He could hear the slow Baltic tide that came and went upon the beach beyond the wire perimeter. A few gulls, scavenging the shoreline, flapped in the dawn light. This depressing island, thick with military installations, rocket-bases and airfields and anti-ballistic missile interceptors, was another factor in his sense of general disappointment. Now and then an opportunity arose for brief leave on the mainland, which meant perhaps a twelve-hour visit to Tallinn – certainly never enough time to travel to where his family lived. Whenever he returned from Tallinn, a pleasant medieval city, a place with a sense of life and colour, it took days before he could suppress his restlessness and discontent.
He raised his face to the sky. Overhead, six MIG-27s flew in formation, breaking the cloud cover and then vanishing in the direction of the mainland. An impressive display, he thought. A show of force and strength. Suddenly Uvarov felt small and insignificant and the task he’d agree to do struck him as overwhelming. He wouldn’t go through with it, he couldn’t, he didn’t have the nerve. But then he wasn’t alone in the undertaking, there were others involved, officers like himself who were ready to act at the appointed time – or so he’d been told by the man he’d met several times in Tallinn. What if it was a lie, a kind of sadistic ploy to test his loyalty? What if the man in Tallinn was some kind of inspector of internal affairs whose job it was to detect the potentially disloyal, the weak, those who had no commitment to the system?
Uvarov felt a tightness in his heart. He moved back in the direction of the low, grey-stone building, passing once again under the radar scanners. He sometimes had the feeling he was doomed to spend his whole life in this wretched place, forever commanding the men who endlessly studied the green screens and waited for the sky to reveal signs of danger. It was an awful prospect, one he couldn’t tolerate.
He opened the door, crossed the room, returned to his desk. He sat down, studied the reports of NATO activities that had been recorded in yesterday’s logs, the usual harmless catalogue of flights, the practice bombs dropped beyond Russian territorial waters, the idle strafing of the Baltic, nothing out of the ordinary. Then he pushed his chair back from his desk and thought of the photograph in the drawer – which reminded him of the very thing he didn’t want to think about, the brown envelope concealed under the floorboards of his family’s apartment in Moscow, the package that contained three US passports and fifty thousand American dollars in small bills that had been given to him by the man in Tallinn, the man he knew only as Aleksis.
6
London
The surprise Martin Burr had mentioned turned out to be depressing and sickening. Frank Pagan stood motionless in the doorway of Kiviranna’s cell while the Commissioner hobbled around inside the small chamber, his cane making quiet ticking sounds on the floor.
Burr said, “Have to hand it to him. He was an ingenious bugger.”
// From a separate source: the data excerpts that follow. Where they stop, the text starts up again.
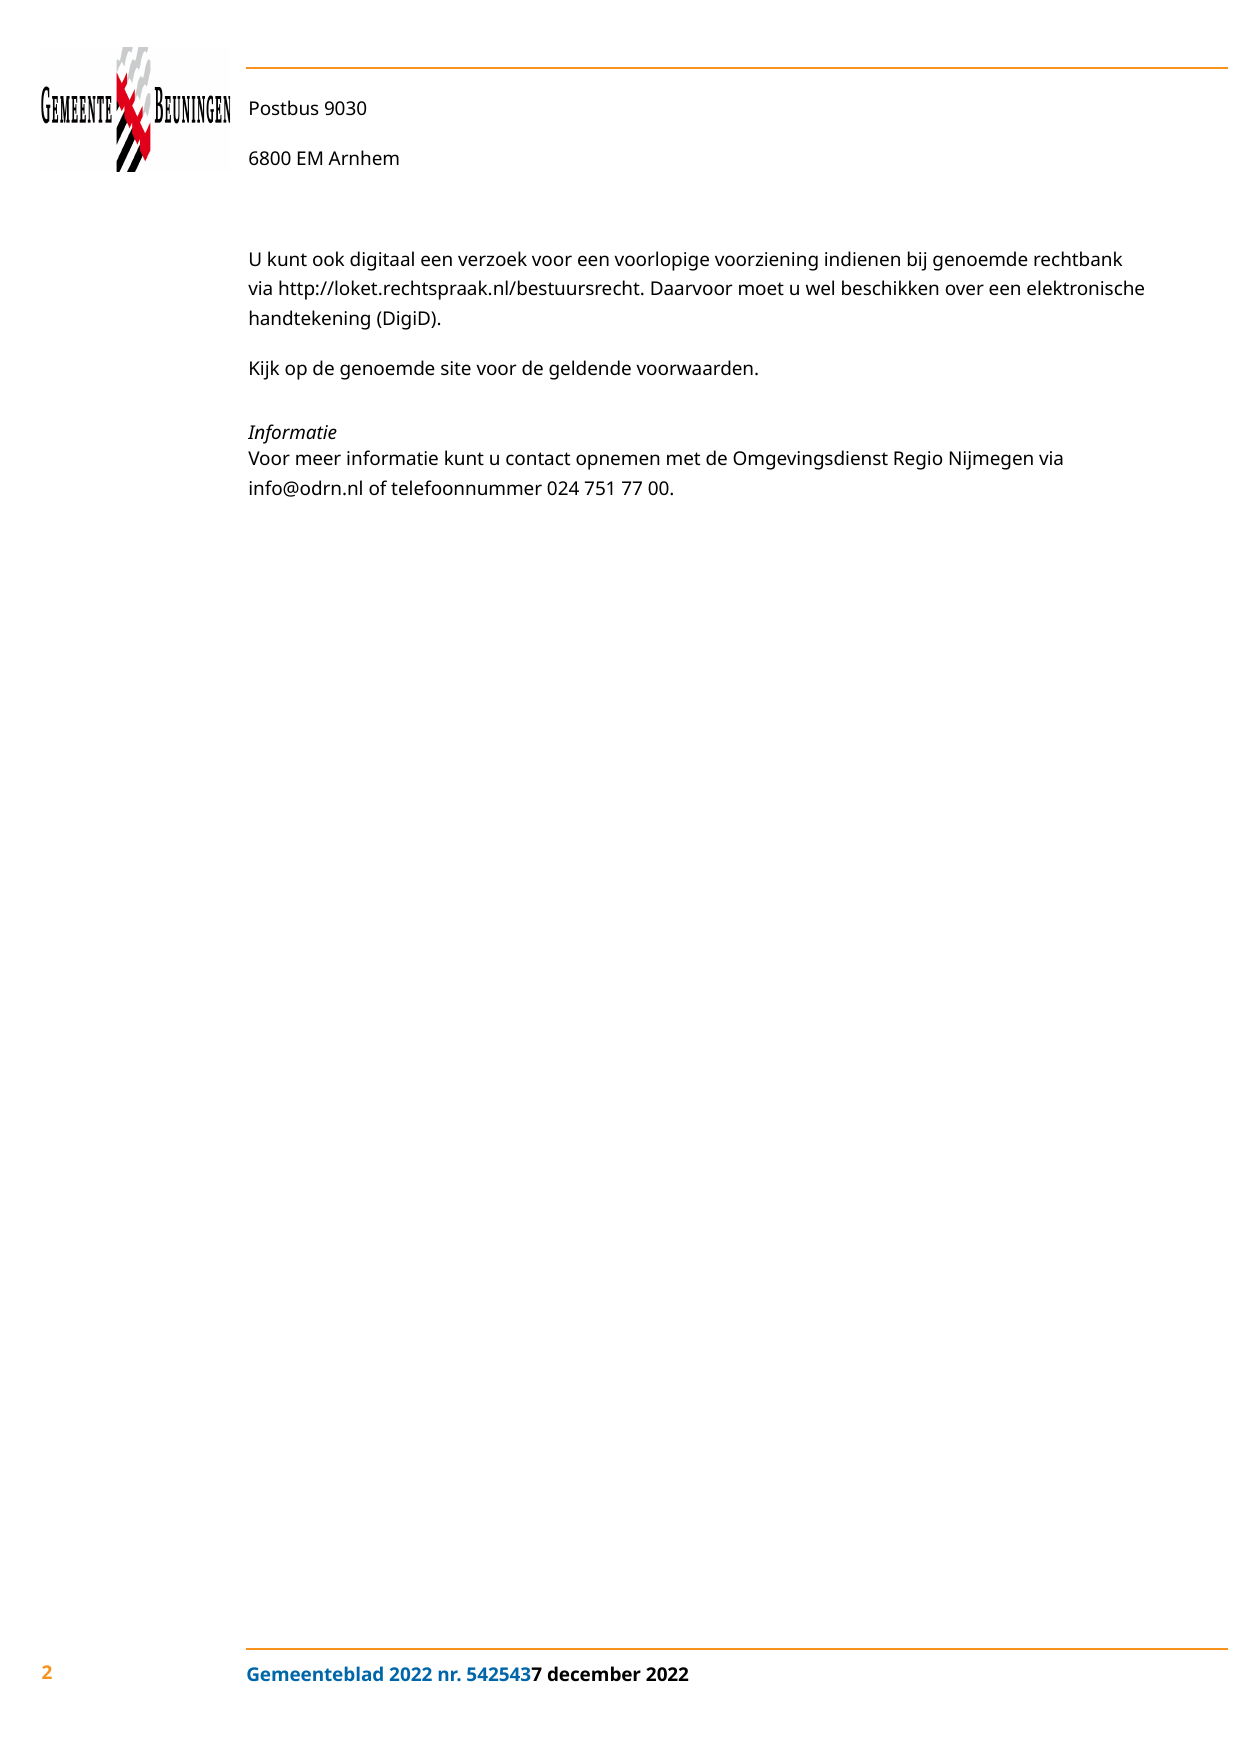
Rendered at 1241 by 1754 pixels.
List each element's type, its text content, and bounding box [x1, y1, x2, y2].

text U kunt ook digitaal een verzoek voor een voorlopige voorziening indienen bij genoemde rechtbank via http://loket.rechtspraak.nl/bestuursrecht. Daarvoor moet u wel beschikken over een elektronische handtekening (DigiD). [248, 246, 1152, 331]
text Postbus 9030 [248, 95, 1152, 121]
text 6800 EM Arnhem [248, 145, 1152, 171]
picture [41, 47, 231, 172]
text Voor meer informatie kunt u contact opnemen met de Omgevingsdienst Regio Nijmegen via info@odrn.nl of telefoonnummer 024 751 77 00. [248, 445, 1152, 501]
text Informatie [248, 419, 1152, 445]
text Kijk op de genoemde site voor de geldende voorwaarden. [248, 356, 1152, 381]

Pagan crossed the threshold, thinking how the cell was too small to contain three men, even if one of them was dead. Jacob Kiviranna lay across his bunk. The mattress had been removed and was propped up against the wall. A long length of wire, one end of which lay close to Kiviranna’s lips, was attached to the light-fixture in the ceiling. The bulb had been unscrewed and lay on the floor. Kiviranna’s eyes were closed and there were black burn marks around his lips and nostrils. Urine soaked the blanket he’d wrapped himself in. The cell, poorly-ventilated, smelled of scorched flesh.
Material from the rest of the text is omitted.